Presented By O’Reilly and Cloudera
Make Data Work
21–22 May 2018: Training
22–24 May 2018: Tutorials & Conference
London, UK

Accelerating development velocity of production ML systems with Docker

Kinnary Jangla (Pinterest)
11:1511:55 Thursday, 24 May 2018
Secondary topics:  Data Platforms, Managing and Deploying Machine Learning, Media, Advertising, Entertainment
Average rating: ***..
(3.00, 5 ratings)

Who is this presentation for?

  • Machine learning engineers, data scientists, managers working with ML, and site reliability engineers

Prerequisite knowledge

  • A basic understanding of microservice-based architecture

What you'll learn

  • Learn how Pinterest dockerized the microservices powering its home feed to accelerate development and decrease operational complexity
  • Explore tips and tricks to help you do the same

Description

The rise of microservices has allowed ML systems to grow in complexity but has also introduced new challenges when things inevitably go wrong. Kinnary Jangla explains how Pinterest dockerized the microservices powering its home feed to accelerate development and decrease operational complexity and outlines benefits gained from this change that may be applicable to other microservice-based ML systems. You’ll learn tips and tricks for dockerizing your large-scale legacy production services and how an architectural change like this can change how your ML team works.

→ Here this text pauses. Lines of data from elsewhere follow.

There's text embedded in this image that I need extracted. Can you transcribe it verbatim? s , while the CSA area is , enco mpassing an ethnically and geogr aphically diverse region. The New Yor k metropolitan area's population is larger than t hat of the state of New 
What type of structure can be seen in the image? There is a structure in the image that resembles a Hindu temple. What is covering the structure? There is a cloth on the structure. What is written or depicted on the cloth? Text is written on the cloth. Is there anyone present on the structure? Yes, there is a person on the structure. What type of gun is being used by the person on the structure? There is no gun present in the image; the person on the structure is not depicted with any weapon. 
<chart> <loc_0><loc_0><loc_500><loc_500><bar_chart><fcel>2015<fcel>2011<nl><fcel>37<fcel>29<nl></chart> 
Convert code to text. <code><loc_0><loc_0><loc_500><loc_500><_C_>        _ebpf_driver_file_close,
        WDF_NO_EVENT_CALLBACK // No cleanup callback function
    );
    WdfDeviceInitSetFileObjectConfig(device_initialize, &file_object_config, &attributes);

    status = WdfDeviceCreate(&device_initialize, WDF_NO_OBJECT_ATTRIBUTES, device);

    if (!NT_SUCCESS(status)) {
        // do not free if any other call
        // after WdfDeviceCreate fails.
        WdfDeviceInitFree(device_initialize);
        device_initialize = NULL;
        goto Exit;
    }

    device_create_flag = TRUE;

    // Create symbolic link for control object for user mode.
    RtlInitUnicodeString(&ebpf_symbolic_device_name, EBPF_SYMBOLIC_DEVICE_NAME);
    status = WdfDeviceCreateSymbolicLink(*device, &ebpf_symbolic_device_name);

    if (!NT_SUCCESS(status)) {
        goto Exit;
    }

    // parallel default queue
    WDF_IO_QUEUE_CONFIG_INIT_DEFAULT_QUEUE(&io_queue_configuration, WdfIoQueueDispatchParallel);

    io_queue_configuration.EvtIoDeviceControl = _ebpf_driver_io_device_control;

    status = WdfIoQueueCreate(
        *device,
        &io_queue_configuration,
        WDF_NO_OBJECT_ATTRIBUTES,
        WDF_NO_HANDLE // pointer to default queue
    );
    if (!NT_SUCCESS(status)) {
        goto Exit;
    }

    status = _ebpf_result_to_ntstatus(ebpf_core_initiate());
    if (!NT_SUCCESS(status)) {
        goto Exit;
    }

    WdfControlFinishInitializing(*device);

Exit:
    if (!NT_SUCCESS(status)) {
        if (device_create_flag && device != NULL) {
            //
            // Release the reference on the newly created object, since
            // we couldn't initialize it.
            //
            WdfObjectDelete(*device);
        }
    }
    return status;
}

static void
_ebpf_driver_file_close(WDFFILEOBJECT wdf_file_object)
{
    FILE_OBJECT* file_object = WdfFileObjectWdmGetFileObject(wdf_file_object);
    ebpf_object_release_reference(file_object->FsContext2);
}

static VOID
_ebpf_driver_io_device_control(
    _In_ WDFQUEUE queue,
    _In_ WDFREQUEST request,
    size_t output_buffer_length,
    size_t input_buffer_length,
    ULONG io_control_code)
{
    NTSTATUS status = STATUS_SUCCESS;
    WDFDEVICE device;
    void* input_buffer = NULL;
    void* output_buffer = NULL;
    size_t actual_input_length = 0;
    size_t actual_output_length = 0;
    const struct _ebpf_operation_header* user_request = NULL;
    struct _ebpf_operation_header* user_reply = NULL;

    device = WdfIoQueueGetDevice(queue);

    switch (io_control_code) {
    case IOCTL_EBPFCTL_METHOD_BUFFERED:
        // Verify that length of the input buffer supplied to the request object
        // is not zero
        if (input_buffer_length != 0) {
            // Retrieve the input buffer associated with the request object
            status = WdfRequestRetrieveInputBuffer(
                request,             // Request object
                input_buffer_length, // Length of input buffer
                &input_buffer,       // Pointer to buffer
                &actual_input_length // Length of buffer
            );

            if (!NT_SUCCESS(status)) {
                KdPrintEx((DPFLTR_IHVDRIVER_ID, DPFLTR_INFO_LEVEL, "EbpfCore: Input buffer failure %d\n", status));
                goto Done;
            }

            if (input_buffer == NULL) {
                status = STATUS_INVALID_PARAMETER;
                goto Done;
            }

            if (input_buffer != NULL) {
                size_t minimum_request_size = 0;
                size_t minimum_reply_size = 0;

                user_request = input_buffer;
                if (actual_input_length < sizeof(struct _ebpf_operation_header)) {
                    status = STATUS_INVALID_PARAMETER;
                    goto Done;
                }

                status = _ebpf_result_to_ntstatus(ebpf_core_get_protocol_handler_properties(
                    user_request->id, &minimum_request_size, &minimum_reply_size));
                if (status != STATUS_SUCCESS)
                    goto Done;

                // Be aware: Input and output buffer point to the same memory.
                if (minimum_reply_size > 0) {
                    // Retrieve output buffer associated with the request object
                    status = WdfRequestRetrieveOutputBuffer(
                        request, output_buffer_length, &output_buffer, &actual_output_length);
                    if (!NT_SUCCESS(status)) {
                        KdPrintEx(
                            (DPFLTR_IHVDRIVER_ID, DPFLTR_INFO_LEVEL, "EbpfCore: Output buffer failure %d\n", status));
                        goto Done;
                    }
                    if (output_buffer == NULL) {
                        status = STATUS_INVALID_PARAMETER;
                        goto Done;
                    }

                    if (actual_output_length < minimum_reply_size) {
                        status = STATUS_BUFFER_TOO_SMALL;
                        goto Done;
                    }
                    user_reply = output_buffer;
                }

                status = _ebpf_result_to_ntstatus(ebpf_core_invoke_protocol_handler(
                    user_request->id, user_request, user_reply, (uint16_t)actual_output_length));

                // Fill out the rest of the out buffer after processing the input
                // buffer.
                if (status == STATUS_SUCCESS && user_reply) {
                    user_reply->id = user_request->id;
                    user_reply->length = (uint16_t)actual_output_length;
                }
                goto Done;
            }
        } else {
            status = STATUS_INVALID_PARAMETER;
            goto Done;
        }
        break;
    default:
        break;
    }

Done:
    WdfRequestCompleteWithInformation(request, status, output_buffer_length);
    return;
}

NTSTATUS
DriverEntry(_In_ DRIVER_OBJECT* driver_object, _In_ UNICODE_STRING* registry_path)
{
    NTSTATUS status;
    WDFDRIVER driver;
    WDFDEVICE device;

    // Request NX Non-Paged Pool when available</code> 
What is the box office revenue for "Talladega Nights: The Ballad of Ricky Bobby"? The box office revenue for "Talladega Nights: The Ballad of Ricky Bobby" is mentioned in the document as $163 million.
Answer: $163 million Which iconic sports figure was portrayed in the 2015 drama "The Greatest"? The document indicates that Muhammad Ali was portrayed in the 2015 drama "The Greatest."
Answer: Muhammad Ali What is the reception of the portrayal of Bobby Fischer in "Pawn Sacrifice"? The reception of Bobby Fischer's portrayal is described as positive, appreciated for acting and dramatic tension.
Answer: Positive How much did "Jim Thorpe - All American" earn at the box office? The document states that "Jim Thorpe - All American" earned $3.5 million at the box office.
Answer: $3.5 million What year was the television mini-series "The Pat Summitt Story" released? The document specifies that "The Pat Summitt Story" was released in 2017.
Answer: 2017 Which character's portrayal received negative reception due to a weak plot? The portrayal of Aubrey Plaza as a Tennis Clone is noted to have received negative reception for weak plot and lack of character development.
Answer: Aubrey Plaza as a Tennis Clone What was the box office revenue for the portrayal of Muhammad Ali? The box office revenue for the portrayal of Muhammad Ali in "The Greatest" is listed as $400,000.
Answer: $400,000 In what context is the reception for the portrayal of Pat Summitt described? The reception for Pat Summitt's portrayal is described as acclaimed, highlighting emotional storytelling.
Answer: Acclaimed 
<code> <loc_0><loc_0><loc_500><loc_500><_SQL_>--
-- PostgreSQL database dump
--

Most companies provide isolated development environments for engineers to work within. While a necessity once a team reaches even a small size, this same organizational choice introduces potentially frustrating dependencies when those individual environments inevitably drift. Pinterest’s project was initially motivated by challenges arising from the difficulty of testing individual changes in a reproducible way. Without having standardized environments, predeployment testing often yielded nonrepresentative results, causing downtime and confusion for those responsible for keeping the service up.

The Docker solution that was eventually deployed prepackages all dependencies found in each microservice, allowing developers to quickly set up large portions of the home feed stack and always test on the current team-wide configs. This architecture enables the team to debug latency issues, expand its testing suite to include connecting to simulated databases, and more quickly do development on its Thrift APIs.

Photo of Kinnary Jangla

Kinnary Jangla

Pinterest

Kinnary Jangla is a senior software engineer on the home feed team at Pinterest, where she works on the machine learning infrastructure team as a backend engineer. Kinnary has worked in the industry for 10+ years. Previously, she worked on maps and international growth at Uber and on Bing search at Microsoft. She is the author of two books. Kinnary holds an MS in computer science from the University of Illinois and a BE from the University of Mumbai.